To split up state-level water for biomass values up at the county level, county-level corn production data is used as a proxy to weight out values. The percentage of state corn production is calculated for each county and applied to the state level value. Data on 2015 corn production by county is provided by the agricultural survey from USDA for CORN, GRAIN, NON-IRRIGATED - PRODUCTION, MEASURED IN BU [23].

Some corn production is given as an aggregate of numerous unnamed counties. These corn production quantities are not included when calculating corn production fractions.

In [302]:
#read in 2015 county-level corn production data from USDA
corn_df = pd.read_csv("data/USDA_NASS_CornProd_2015.csv", 
                      dtype={'State ANSI':str, 'County ANSI':str, 'Value':float})

corn_df = corn_df.dropna(subset=["County ANSI"])                          #drop unnamed counties
corn_df['County ANSI'] = corn_df['County ANSI'].apply(lambda x: '{0:0>3}'.format(x))
corn_df['State ANSI'] = corn_df['State ANSI'].apply(lambda x: '{0:0>2}'.format(x))


corn_df["FIPS"] = corn_df["State ANSI"] + corn_df["County ANSI"]          #creat FIPS code from ANSI
corn_df = corn_df[["State","FIPS", "Value"]]                              #reduce to required variables

df_corn_sum = corn_df.groupby("State", as_index = False).sum()            #copy dataframe and calculate sum by state
df_corn_sum = df_corn_sum[["State", "Value"]]                             #reduce to required variables
df_corn_sum = df_corn_sum.rename(columns={"Value": "State_total"})        #rename value column

corn_df = pd.merge(corn_df, df_corn_sum, how="left", on="State")          #merge state total back with county-level

corn_df["ST_corn_frac"] = corn_df["Value"]/corn_df['State_total']         #calculate county fraction of state total
corn_df = corn_df[["FIPS", "ST_corn_frac"]]                               #reduce to required variables

df = pd.merge(df, corn_df, how="left", on="FIPS")                         #merge to main dataframe

df["ST_corn_frac"].fillna(0, inplace=True)                                #replace blanks with zero

#### Water for biomass production by county

Total groundwater and surface water amounts per state are split out into counties based on percentage of total state corn growth production. The calculated values are then subtracted out from the water to agriculture values calculated previously to avoid double counting.

In [303]:
#merging biomass dataframe with main data frame
df = pd.merge(df, bio_df, how="left", on="STATE")
df["SW_Bio"] = df["SW_Bio"]*df["ST_corn_frac"]             #splitting up state level SW to biomass to counties
df["GW_Bio"] = df["GW_Bio"]*df["ST_corn_frac"]             #splitting up state level GW to biomass to counties

df["AG-WSWFr"] = df["AG-WSWFr"]-df["SW_Bio"]               #removing surface water to biomass from water to ag. total
df["AG-WGWFr"] = df["AG-WGWFr"]-df["GW_Bio"]               #removing groundwater to biomass from water to ag. total

#### Consumptive Use and Surface Discharge from Water for Biomass
County-level consumption fractions calculated from the 1995 USGS dataset [4] are applied to the water used in biomass. It is assumed that groundwater and surface water are consumed at the same ratio. It is also assumed that all water not consumed or evaporated is sent to surface discharge.

In [304]:
#reconnecting reserved consumption fraction for irrigation county-level information to main dataframe
df = pd.merge(df, Irr_df, how="left", on="FIPS")

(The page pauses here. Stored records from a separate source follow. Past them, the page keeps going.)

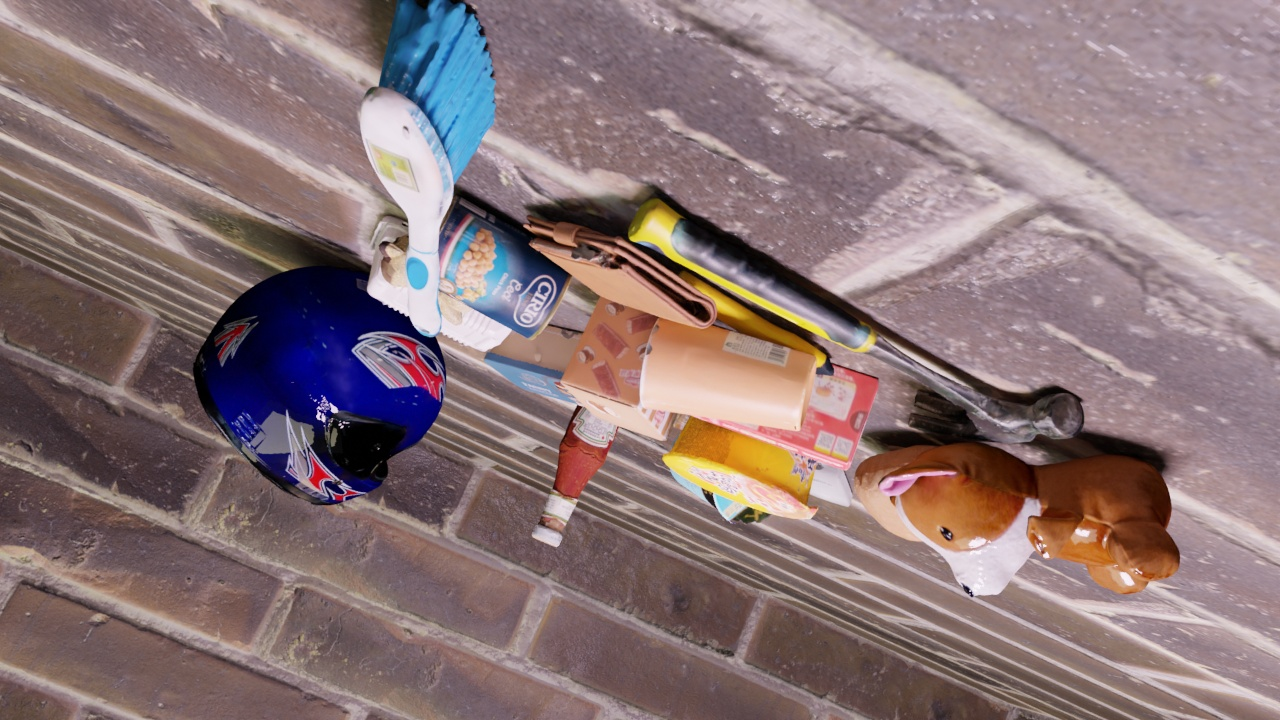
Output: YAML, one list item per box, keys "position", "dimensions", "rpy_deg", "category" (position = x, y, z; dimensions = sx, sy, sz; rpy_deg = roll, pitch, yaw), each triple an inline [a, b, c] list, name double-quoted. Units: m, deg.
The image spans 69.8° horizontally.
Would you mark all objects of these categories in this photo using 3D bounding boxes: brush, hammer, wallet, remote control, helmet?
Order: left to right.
- position: [-0.353, 0.025, 1.104]
  dimensions: [0.247, 0.240, 0.316]
  rpy_deg: [59, 178, 33]
  category: "helmet"
- position: [-0.137, -0.104, 0.600]
  dimensions: [0.060, 0.109, 0.315]
  rpy_deg: [21, 165, -1]
  category: "brush"
- position: [-0.019, -0.066, 0.672]
  dimensions: [0.107, 0.031, 0.132]
  rpy_deg: [33, 173, -37]
  category: "wallet"
- position: [0.218, 0.142, 1.092]
  dimensions: [0.056, 0.019, 0.135]
  rpy_deg: [16, 164, 25]
  category: "remote control"
- position: [0.137, -0.020, 0.631]
  dimensions: [0.323, 0.031, 0.126]
  rpy_deg: [27, 164, -13]
  category: "hammer"

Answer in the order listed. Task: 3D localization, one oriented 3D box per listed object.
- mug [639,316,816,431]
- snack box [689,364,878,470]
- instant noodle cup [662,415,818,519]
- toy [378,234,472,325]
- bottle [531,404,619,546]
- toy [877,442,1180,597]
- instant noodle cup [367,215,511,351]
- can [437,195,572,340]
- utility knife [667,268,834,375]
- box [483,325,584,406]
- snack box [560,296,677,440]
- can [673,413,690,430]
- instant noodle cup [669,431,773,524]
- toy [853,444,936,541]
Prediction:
- position: [0.069, 0.012, 0.704]
  dimensions: [0.123, 0.078, 0.078]
  rpy_deg: [12, 163, 15]
  category: "mug"
- position: [0.110, 0.029, 0.754]
  dimensions: [0.153, 0.075, 0.025]
  rpy_deg: [19, 166, 16]
  category: "snack box"
- position: [0.104, 0.067, 0.828]
  dimensions: [0.138, 0.109, 0.138]
  rpy_deg: [22, 165, 6]
  category: "instant noodle cup"
- position: [-0.154, -0.074, 0.821]
  dimensions: [0.157, 0.066, 0.105]
  rpy_deg: [14, 153, -2]
  category: "toy"
- position: [-0.071, 0.115, 1.071]
  dimensions: [0.060, 0.205, 0.060]
  rpy_deg: [21, 166, 5]
  category: "bottle"
- position: [0.282, 0.120, 0.688]
  dimensions: [0.200, 0.130, 0.140]
  rpy_deg: [14, 163, 20]
  category: "toy"
- position: [-0.196, -0.067, 0.918]
  dimensions: [0.173, 0.060, 0.138]
  rpy_deg: [27, 165, -18]
  category: "instant noodle cup"
- position: [-0.120, -0.075, 0.741]
  dimensions: [0.111, 0.075, 0.075]
  rpy_deg: [29, 164, -18]
  category: "can"
- position: [0.085, -0.030, 0.705]
  dimensions: [0.164, 0.015, 0.033]
  rpy_deg: [30, 158, -19]
  category: "utility knife"
- position: [-0.085, 0.006, 0.999]
  dimensions: [0.184, 0.061, 0.090]
  rpy_deg: [10, 160, 36]
  category: "box"
- position: [-0.005, 0.005, 0.806]
  dimensions: [0.077, 0.094, 0.093]
  rpy_deg: [18, 165, 23]
  category: "snack box"
- position: [0.107, 0.068, 0.928]
  dimensions: [0.147, 0.057, 0.058]
  rpy_deg: [24, 165, -1]
  category: "can"
- position: [0.096, 0.121, 1.064]
  dimensions: [0.111, 0.111, 0.120]
  rpy_deg: [32, 172, -31]
  category: "instant noodle cup"
- position: [0.293, 0.123, 0.816]
  dimensions: [0.143, 0.082, 0.226]
  rpy_deg: [28, 162, -29]
  category: "toy"

#calculating the consumptive use and surface discharge from water for biomass (Ethanol) production
df['Bio_CU'] = df['IR_CF']*(df["SW_Bio"]+df["GW_Bio"])
df['Bio_SD'] = (1-df['IR_CF'])*(df["SW_Bio"]+df["GW_Bio"])

#subtracting out biomass consumptive use and surface discharge from previous agriculture totals.
df['AG_CU'] = df['AG_CU']-df['Bio_CU']
df['AG-SD'] = df['AG-SD']-df['Bio_SD']

### Water in Petroleum & Natural Gas [Fracking (Unconventional) & Conventional]

#### Unconventional Oil & Gas Extraction (Fracking)

Petroleum extraction consists of both conventional and unconventional (“Tight”) oil extraction. There is no complete dataset for water use in petroleum extraction, this analysis relies on data provided in [5]. Only state-level values for unconventional petroleum and NG extraction are available. These values are assumed to be for 2010 following the other values in the report. To map the state values to the county level, and ultimately the interconnect-level, 2011 data (the most recent year available) on oil and gas production on a county level from USDA [24] was analyzed to find the percentage of oil and gas production within each state that belongs to each interconnect.
 
To estimate growth of production from 2010 to 2015, EIA data on petroleum [25] and natural gas [26] were individually analyzed to calculate growth. The water use in unconventional oil and natural gas extraction values provided in [5] at the state-level were adjusted to represent 2015 values based on the growth calculated and then distributed to individual counties based on the USDA data file [24]. These represent total water use in unconventional petroleum and natural gas extraction for 2015.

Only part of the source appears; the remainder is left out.